Exercise details: Across the records, find how many lines include the string "stroke" and answer with only the figure.
START Supplied material
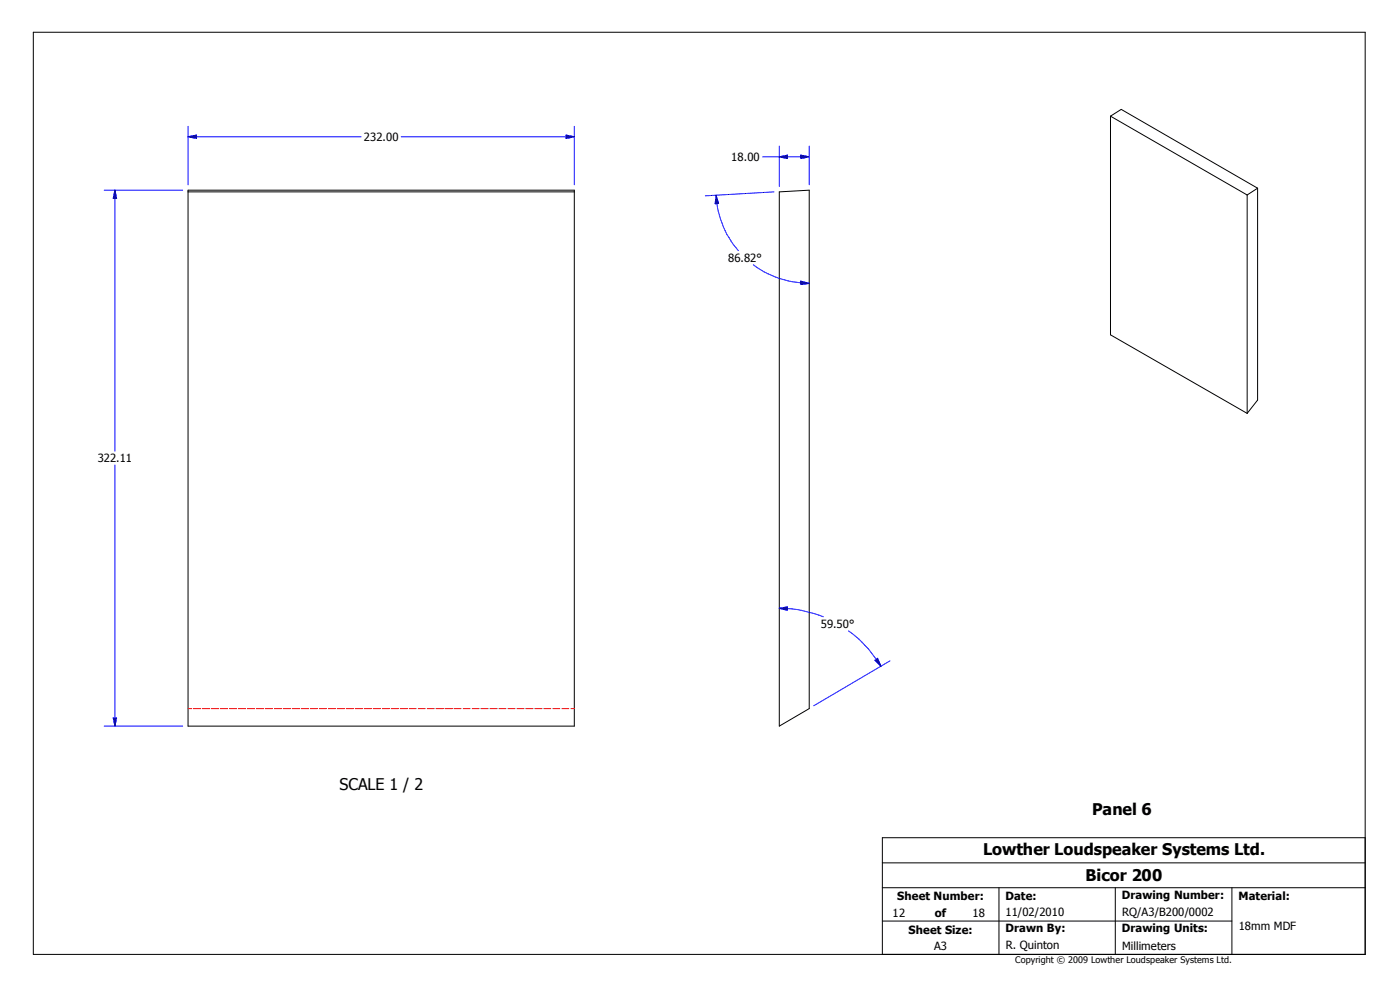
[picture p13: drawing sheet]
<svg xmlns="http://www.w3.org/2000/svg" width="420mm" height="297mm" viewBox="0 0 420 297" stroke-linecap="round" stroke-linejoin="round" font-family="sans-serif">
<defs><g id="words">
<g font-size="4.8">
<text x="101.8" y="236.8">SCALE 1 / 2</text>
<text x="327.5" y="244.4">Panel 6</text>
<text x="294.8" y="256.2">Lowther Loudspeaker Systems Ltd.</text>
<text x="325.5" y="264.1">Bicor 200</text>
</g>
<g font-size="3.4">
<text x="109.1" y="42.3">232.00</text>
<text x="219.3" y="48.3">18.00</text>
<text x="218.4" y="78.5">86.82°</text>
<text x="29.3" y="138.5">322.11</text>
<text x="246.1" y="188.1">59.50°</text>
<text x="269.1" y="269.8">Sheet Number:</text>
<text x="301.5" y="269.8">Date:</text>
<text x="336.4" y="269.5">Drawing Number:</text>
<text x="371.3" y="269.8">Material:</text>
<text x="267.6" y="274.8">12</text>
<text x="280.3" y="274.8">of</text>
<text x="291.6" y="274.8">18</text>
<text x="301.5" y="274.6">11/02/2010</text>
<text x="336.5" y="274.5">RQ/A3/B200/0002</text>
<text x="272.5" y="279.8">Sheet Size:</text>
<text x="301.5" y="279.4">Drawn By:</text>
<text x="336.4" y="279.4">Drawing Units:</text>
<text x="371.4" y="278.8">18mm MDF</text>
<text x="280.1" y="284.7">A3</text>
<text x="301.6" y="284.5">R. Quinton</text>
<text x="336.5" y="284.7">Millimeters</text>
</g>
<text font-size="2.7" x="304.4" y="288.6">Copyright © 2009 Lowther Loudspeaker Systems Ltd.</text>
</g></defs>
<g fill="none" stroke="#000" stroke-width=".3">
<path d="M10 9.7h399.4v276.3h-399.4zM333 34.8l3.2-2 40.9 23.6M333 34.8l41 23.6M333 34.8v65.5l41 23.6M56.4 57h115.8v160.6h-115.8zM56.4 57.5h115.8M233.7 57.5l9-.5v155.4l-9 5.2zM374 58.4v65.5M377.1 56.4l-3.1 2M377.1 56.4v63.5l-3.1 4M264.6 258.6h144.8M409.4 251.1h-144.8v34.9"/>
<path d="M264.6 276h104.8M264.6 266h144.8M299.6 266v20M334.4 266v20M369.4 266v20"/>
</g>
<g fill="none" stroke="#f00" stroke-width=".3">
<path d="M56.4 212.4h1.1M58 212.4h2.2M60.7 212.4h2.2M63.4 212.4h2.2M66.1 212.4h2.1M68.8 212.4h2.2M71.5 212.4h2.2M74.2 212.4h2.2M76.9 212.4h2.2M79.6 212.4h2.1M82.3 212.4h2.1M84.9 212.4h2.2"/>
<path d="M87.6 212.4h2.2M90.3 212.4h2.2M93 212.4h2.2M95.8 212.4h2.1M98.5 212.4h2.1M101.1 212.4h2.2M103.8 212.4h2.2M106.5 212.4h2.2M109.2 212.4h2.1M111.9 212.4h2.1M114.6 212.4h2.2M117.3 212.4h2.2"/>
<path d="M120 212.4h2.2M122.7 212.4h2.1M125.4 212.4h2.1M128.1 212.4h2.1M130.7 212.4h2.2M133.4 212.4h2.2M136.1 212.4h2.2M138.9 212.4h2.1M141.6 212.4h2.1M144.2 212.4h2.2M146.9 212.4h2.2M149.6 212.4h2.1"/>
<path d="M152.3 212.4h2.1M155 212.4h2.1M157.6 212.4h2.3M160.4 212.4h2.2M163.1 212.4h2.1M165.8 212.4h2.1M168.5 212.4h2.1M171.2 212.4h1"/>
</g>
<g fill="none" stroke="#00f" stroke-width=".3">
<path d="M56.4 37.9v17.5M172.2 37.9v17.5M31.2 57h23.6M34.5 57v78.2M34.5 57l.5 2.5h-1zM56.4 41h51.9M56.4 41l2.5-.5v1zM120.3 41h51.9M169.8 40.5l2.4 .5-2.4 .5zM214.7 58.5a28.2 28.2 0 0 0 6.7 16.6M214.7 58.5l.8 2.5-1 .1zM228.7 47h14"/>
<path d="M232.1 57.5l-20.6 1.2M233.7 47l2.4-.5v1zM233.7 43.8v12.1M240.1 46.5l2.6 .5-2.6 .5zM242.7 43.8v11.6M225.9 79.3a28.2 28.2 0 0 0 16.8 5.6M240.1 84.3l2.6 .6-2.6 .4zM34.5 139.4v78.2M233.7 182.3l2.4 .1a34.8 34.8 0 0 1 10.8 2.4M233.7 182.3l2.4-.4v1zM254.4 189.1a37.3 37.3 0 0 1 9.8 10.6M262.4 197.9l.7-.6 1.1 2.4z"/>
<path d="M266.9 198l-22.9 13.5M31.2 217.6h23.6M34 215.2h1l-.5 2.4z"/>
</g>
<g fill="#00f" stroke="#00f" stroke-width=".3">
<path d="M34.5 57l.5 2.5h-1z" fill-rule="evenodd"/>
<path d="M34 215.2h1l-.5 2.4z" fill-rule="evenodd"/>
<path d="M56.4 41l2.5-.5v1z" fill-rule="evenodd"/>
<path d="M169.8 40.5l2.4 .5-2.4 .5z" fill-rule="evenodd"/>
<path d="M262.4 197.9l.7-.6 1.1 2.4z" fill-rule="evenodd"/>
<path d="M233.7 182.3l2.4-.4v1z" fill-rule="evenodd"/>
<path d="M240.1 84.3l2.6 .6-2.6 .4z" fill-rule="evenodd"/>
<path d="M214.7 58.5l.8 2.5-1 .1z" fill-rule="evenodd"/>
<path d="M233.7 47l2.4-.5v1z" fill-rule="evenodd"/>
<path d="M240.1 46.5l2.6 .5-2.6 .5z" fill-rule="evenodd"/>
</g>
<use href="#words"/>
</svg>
END Supplied material
Response below: 5